§ SUPPLIED RECORDS

====

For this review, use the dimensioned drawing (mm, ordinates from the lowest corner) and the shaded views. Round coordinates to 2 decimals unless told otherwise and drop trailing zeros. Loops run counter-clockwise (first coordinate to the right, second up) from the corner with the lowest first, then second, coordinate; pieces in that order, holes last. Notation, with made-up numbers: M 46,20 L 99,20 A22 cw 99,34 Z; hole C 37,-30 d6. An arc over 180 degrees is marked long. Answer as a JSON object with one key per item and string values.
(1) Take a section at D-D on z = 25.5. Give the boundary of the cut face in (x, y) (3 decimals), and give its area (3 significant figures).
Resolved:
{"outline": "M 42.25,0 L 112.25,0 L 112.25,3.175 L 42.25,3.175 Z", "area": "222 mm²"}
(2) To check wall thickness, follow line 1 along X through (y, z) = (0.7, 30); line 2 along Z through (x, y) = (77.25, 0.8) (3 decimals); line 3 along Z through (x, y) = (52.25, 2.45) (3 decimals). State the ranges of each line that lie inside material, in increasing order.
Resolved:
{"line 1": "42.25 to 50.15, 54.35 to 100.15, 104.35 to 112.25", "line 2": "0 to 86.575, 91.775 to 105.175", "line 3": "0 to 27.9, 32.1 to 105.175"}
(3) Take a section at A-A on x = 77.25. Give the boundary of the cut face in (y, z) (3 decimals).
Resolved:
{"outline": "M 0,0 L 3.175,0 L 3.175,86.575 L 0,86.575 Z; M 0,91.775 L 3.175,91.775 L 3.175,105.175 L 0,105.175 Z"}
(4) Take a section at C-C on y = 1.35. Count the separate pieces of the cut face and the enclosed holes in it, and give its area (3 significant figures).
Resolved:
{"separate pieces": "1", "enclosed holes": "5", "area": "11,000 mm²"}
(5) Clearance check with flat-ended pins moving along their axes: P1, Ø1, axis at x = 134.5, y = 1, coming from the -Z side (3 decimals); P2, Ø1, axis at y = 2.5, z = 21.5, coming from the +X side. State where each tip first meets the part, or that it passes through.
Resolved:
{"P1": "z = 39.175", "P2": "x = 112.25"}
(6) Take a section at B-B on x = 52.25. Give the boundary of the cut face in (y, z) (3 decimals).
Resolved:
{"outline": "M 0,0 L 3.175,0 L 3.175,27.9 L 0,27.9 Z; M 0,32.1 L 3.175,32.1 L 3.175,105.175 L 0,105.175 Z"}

====

§ ACTIVITY
Restate every record exactly, leaving nothing out.

§ RESPONSE AREA
For this review, use the dimensioned drawing (mm, ordinates from the lowest corner) and the shaded views. Round coordinates to 2 decimals unless told otherwise and drop trailing zeros. Loops run counter-clockwise (first coordinate to the right, second up) from the corner with the lowest first, then second, coordinate; pieces in that order, holes last. Notation, with made-up numbers: M 46,20 L 99,20 A22 cw 99,34 Z; hole C 37,-30 d6. An arc over 180 degrees is marked long. Answer as a JSON object with one key per item and string values.
(1) Take a section at D-D on z = 25.5. Give the boundary of the cut face in (x, y) (3 decimals), and give its area (3 significant figures).
Resolved:
{"outline": "M 42.25,0 L 112.25,0 L 112.25,3.175 L 42.25,3.175 Z", "area": "222 mm²"}
(2) To check wall thickness, follow line 1 along X through (y, z) = (0.7, 30); line 2 along Z through (x, y) = (77.25, 0.8) (3 decimals); line 3 along Z through (x, y) = (52.25, 2.45) (3 decimals). State the ranges of each line that lie inside material, in increasing order.
Resolved:
{"line 1": "42.25 to 50.15, 54.35 to 100.15, 104.35 to 112.25", "line 2": "0 to 86.575, 91.775 to 105.175", "line 3": "0 to 27.9, 32.1 to 105.175"}
(3) Take a section at A-A on x = 77.25. Give the boundary of the cut face in (y, z) (3 decimals).
Resolved:
{"outline": "M 0,0 L 3.175,0 L 3.175,86.575 L 0,86.575 Z; M 0,91.775 L 3.175,91.775 L 3.175,105.175 L 0,105.175 Z"}
(4) Take a section at C-C on y = 1.35. Count the separate pieces of the cut face and the enclosed holes in it, and give its area (3 significant figures).
Resolved:
{"separate pieces": "1", "enclosed holes": "5", "area": "11,000 mm²"}
(5) Clearance check with flat-ended pins moving along their axes: P1, Ø1, axis at x = 134.5, y = 1, coming from the -Z side (3 decimals); P2, Ø1, axis at y = 2.5, z = 21.5, coming from the +X side. State where each tip first meets the part, or that it passes through.
Resolved:
{"P1": "z = 39.175", "P2": "x = 112.25"}
(6) Take a section at B-B on x = 52.25. Give the boundary of the cut face in (y, z) (3 decimals).
Resolved:
{"outline": "M 0,0 L 3.175,0 L 3.175,27.9 L 0,27.9 Z; M 0,32.1 L 3.175,32.1 L 3.175,105.175 L 0,105.175 Z"}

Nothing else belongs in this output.